Hi,
I’m pretty new to Huggingface and have some troubles merging two datasets.
I’m trying to add some samples to this dataset, especially adding more training example :
The features of this dataset are :
{‘id’: Value(dtype=‘string’, id=None),
‘annotators’: Sequence(feature={‘label’: ClassLabel(names=[‘hatespeech’, ‘normal’, ‘offensive’], id=None), ‘annotator_id’: Value(dtype=‘int32’, id=None), ‘target’: Sequence(feature=Value(dtype=‘string’, id=None), length=-1, id=None)}, length=-1, id=None),
‘rationales’: Sequence(feature=Sequence(feature=Value(dtype=‘int32’, id=None), length=-1, id=None), length=-1, id=None),
‘post_tokens’: Sequence(feature=Value(dtype=‘string’, id=None), length=-1, id=None)}
However, the data I am trying to add are not on Hugginface but from another paper on hatespeech detection. So I tried to obtain the same features in order to concatenate the two datasets together but I am only able to obtain the following features :
{‘post_id’: Value(dtype=‘string’, id=None),
‘annotators’: [{‘annotator_id’: Value(dtype=‘null’, id=None),
‘label’: Value(dtype=‘string’, id=None),
‘target’: Sequence(feature=Value(dtype=‘string’, id=None), length=-1, id=None)}],
‘rationales’: Sequence(feature=Sequence(feature=Value(dtype=‘int64’, id=None), length=-1, id=None), length=-1, id=None),
‘post_tokens’: Sequence(feature=Value(dtype=‘string’, id=None), length=-1, id=None)}
As you can see, the feature type of ‘annotators’ does not correspond, so I can not concatenate them.
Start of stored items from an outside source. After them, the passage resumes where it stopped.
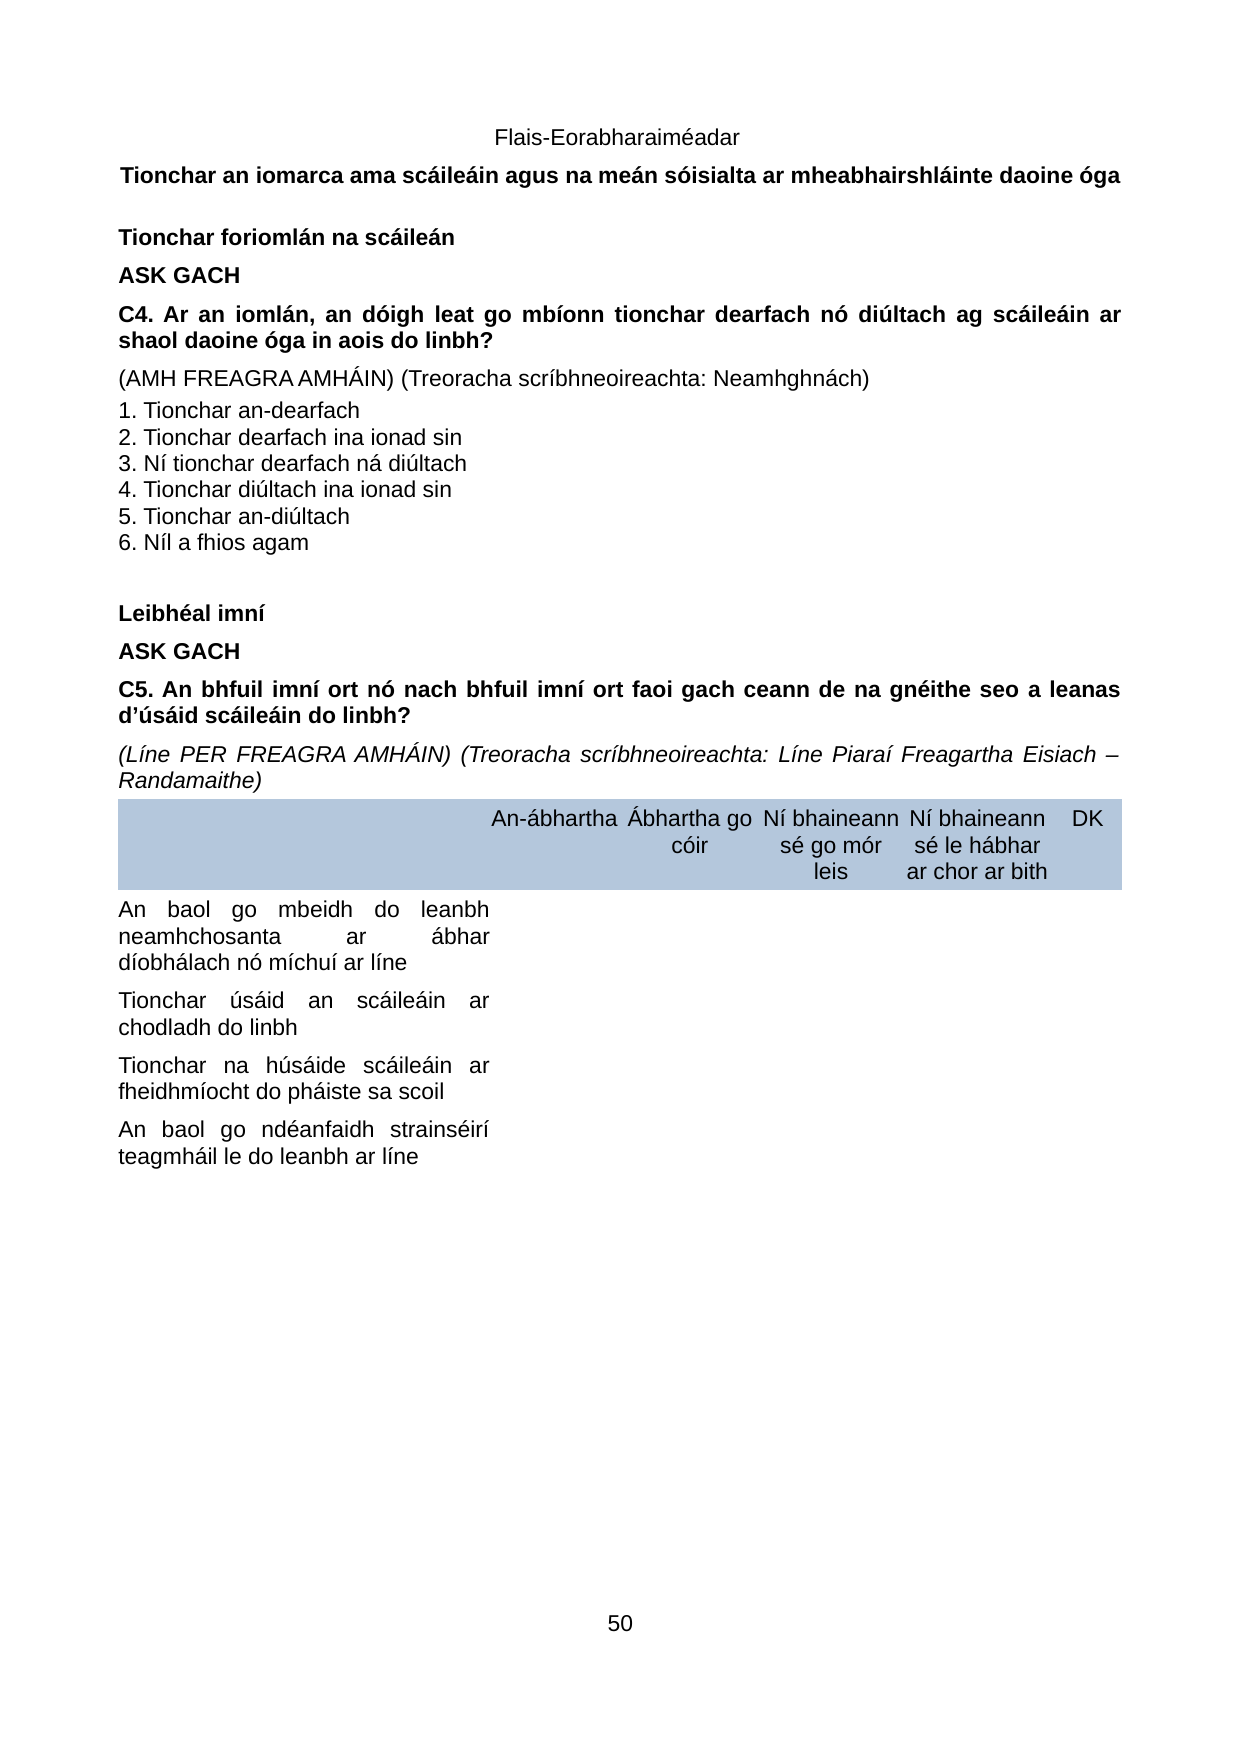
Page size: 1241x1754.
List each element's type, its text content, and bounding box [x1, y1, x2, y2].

table_cell Tionchar na húsáide scáileáin ar fheidhmíocht do pháiste sa scoil [118, 1046, 490, 1110]
table_cell [760, 981, 902, 1046]
text ASK GACH [118, 638, 1122, 664]
text 2. Tionchar dearfach ina ionad sin [118, 424, 1122, 450]
table_cell [902, 1110, 1053, 1175]
table_cell [490, 890, 619, 981]
table_header Ábhartha go cóir [619, 799, 760, 890]
table_cell [619, 1046, 760, 1110]
table_cell [1053, 890, 1122, 981]
table_cell [1053, 1046, 1122, 1110]
table_header Ní bhaineann sé le hábhar ar chor ar bith [902, 799, 1053, 890]
text 6. Níl a fhios agam [118, 529, 1122, 556]
table_cell Tionchar úsáid an scáileáin ar chodladh do linbh [118, 981, 490, 1046]
table_cell An baol go mbeidh do leanbh neamhchosanta ar ábhar díobhálach nó míchuí ar líne [118, 890, 490, 981]
table_cell [490, 1110, 619, 1175]
table_cell [760, 1110, 902, 1175]
table_cell [1053, 981, 1122, 1046]
table_cell [902, 890, 1053, 981]
text Leibhéal imní [118, 600, 1122, 626]
text ASK GACH [118, 262, 1122, 289]
table_header DK [1053, 799, 1122, 890]
text 1. Tionchar an-dearfach [118, 397, 1122, 424]
table_cell [490, 1046, 619, 1110]
text 5. Tionchar an-diúltach [118, 503, 1122, 529]
text 4. Tionchar diúltach ina ionad sin [118, 476, 1122, 503]
table_header Ní bhaineann sé go mór leis [760, 799, 902, 890]
table_header An-ábhartha [490, 799, 619, 890]
table_cell [490, 981, 619, 1046]
text Tionchar foriomlán na scáileán [118, 224, 1122, 250]
table_cell [619, 890, 760, 981]
text 3. Ní tionchar dearfach ná diúltach [118, 450, 1122, 476]
table_header [118, 799, 490, 890]
table_cell [619, 1110, 760, 1175]
table_cell [760, 1046, 902, 1110]
text (Líne PER FREAGRA AMHÁIN) (Treoracha scríbhneoireachta: Líne Piaraí Freagartha Eisiach – Randamaithe) [118, 741, 1122, 793]
text (AMH FREAGRA AMHÁIN) (Treoracha scríbhneoireachta: Neamhghnách) [118, 365, 1122, 391]
table_cell [902, 1046, 1053, 1110]
text C5. An bhfuil imní ort nó nach bhfuil imní ort faoi gach ceann de na gnéithe seo a leanas d’úsáid scáileáin do linbh? [118, 676, 1122, 729]
table_cell An baol go ndéanfaidh strainséirí teagmháil le do leanbh ar líne [118, 1110, 490, 1175]
table_cell [760, 890, 902, 981]
table_cell [902, 981, 1053, 1046]
text C4. Ar an iomlán, an dóigh leat go mbíonn tionchar dearfach nó diúltach ag scáileáin ar shaol daoine óga in aois do linbh? [118, 301, 1122, 353]
table_cell [1053, 1110, 1122, 1175]
table_cell [619, 981, 760, 1046]

I tried using cast_column to change the feature type, of the keys individually :
{‘post_id’: Value(dtype=‘string’, id=None),
‘annotators_label’: ClassLabel(names=[‘hatespeech’, ‘normal’, ‘offensive’], id=None),
‘annotators_id’: Value(dtype=‘int32’, id=None),
‘annotators_target’: Sequence(feature=Value(dtype=‘string’, id=None), length=-1, id=None),
‘rationales’: Sequence(feature=Sequence(feature=Value(dtype=‘int64’, id=None), length=-1, id=None), length=-1, id=None),
‘post_tokens’: Sequence(feature=Value(dtype=‘string’, id=None), length=-1, id=None)}
And I tried to put them together in a dictionnary and then putting them in a list (as in the desciption of the data in the github) and then specify the wanted feature type when adding a new column to the dataset but that doesn’t work neither.
I basically tried everything that I know from Huggingface (which is not a lot I concedes), but I really just don’t manage to obtain something with the good feature for ‘annotators’ key:
‘annotators’: Sequence(feature={‘label’: ClassLabel(names=[‘hatespeech’, ‘normal’, ‘offensive’], id=None), ‘annotator_id’: Value(dtype=‘int32’, id=None), ‘target’: Sequence(feature=Value(dtype=‘string’, id=None), length=-1, id=None)}, length=-1, id=None)
Does anyone have an idea how I can manage to do this ?
Thanks for your help !